10 tips to enjoy nature … without harming it

Last year, record traffic caused major damage to Michel-Chartrand Park in Longueuil. “A lot of people left the marked trails on foot, on snowshoes or on oversized bikes and saw the tracks left by other people who had done the same thing before them,” says Yvan Landry, president of Amis du parc Michel-Chartrand. From now on, with every rain, puddles form on the paths, the soil of which has been compacted by being trampled on. To avoid small bodies of water, hikers walk around them and penetrate the vegetation. They thus crush the plantations made by the volunteers to counteract the damage due to the inspection of deer, there are always more due to the visitors feeding them.

These recent threats are in addition to those already exposed to the park of an invasive exotic species, the emerald ash borer, which weakens and ends up killing these trees. To curb its ravages, the city of Longueuil will have to cut down 13,000 ash trees along the trails. What will be left of the park if visitors crush new vegetation?

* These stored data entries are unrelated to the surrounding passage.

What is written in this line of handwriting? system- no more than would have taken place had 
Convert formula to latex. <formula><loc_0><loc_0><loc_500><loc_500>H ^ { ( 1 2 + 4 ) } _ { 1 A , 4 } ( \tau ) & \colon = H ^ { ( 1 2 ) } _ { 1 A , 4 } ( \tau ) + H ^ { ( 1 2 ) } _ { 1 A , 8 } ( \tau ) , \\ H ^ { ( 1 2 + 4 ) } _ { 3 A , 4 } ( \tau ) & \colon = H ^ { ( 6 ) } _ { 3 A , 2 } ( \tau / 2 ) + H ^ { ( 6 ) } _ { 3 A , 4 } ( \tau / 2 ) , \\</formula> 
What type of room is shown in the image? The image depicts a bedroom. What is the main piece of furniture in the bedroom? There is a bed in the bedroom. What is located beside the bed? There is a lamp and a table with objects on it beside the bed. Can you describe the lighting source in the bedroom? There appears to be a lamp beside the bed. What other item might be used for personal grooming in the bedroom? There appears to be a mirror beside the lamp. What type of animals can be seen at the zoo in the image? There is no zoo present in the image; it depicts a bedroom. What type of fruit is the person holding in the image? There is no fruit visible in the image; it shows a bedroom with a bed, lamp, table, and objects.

Yvan Landry estimates that 80% to 90% of hikers do not want to do harm, but they are not aware of the damage they cause by leaving the marked trails or by feeding the animals. Harmful behavior, however, is contagious. “Research in environmental psychology has shown that the more a place is already degraded, the less visitors are aware,” explains Pascale Marcotte, a researcher in sustainable tourism at Laval University.

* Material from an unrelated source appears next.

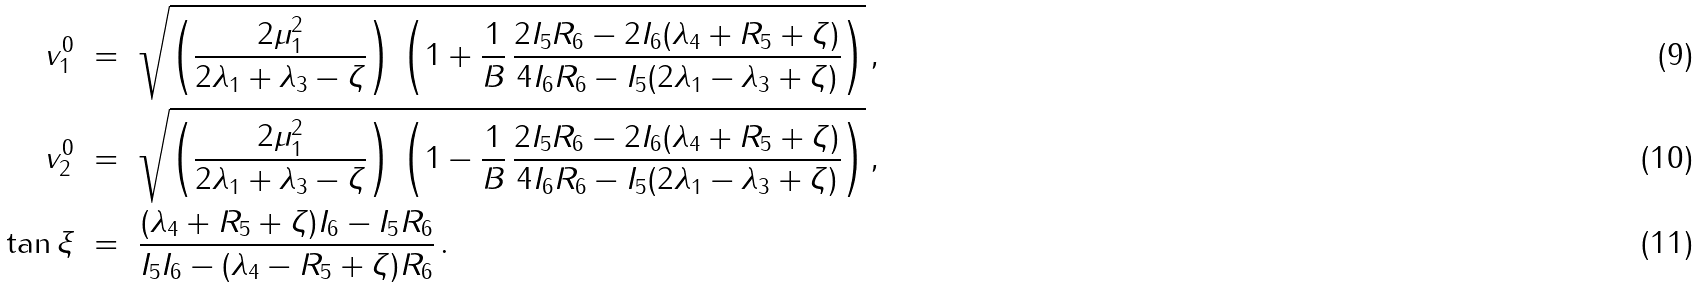Convert formula to latex. <formula><loc_0><loc_0><loc_500><loc_500>v _ { 1 } ^ { 0 } \ & = \ \sqrt { \left ( \frac { 2 \mu _ { 1 } ^ { 2 } } { 2 \lambda _ { 1 } + \lambda _ { 3 } - \zeta } \right ) \, \left ( 1 + \frac { 1 } { B } \, \frac { 2 I _ { 5 } R _ { 6 } - 2 I _ { 6 } ( \lambda _ { 4 } + R _ { 5 } + \zeta ) } { 4 I _ { 6 } R _ { 6 } - I _ { 5 } ( 2 \lambda _ { 1 } - \lambda _ { 3 } + \zeta ) } \right ) } \, , \\ v _ { 2 } ^ { 0 } \ & = \ \sqrt { \left ( \frac { 2 \mu _ { 1 } ^ { 2 } } { 2 \lambda _ { 1 } + \lambda _ { 3 } - \zeta } \right ) \, \left ( 1 - \frac { 1 } { B } \, \frac { 2 I _ { 5 } R _ { 6 } - 2 I _ { 6 } ( \lambda _ { 4 } + R _ { 5 } + \zeta ) } { 4 I _ { 6 } R _ { 6 } - I _ { 5 } ( 2 \lambda _ { 1 } - \lambda _ { 3 } + \zeta ) } \right ) } \, , \\ \tan \xi \ & = \ \frac { ( \lambda _ { 4 } + R _ { 5 } + \zeta ) I _ { 6 } - I _ { 5 } R _ { 6 } } { I _ { 5 } I _ { 6 } - ( \lambda _ { 4 } - R _ { 5 } + \zeta ) R _ { 6 } } \, .</formula>

It’s easy to convince yourself that getting off track is no problem. Apart from the ground you step on, the grass you crush or the branches you pack down, all invitations to the following hikers are to do the same, with the risk that these makeshift paths end up destroying fragile plants or endangering or disturbing wildlife.

Websites with little oversight are, of course, the most vulnerable. “In national parks, we observe this harmful behavior less because signage, instructions and patrols are more present. Visitors are generally more educated, and regular maintenance prevents the situation from degenerating, ”explains Pascale Marcotte.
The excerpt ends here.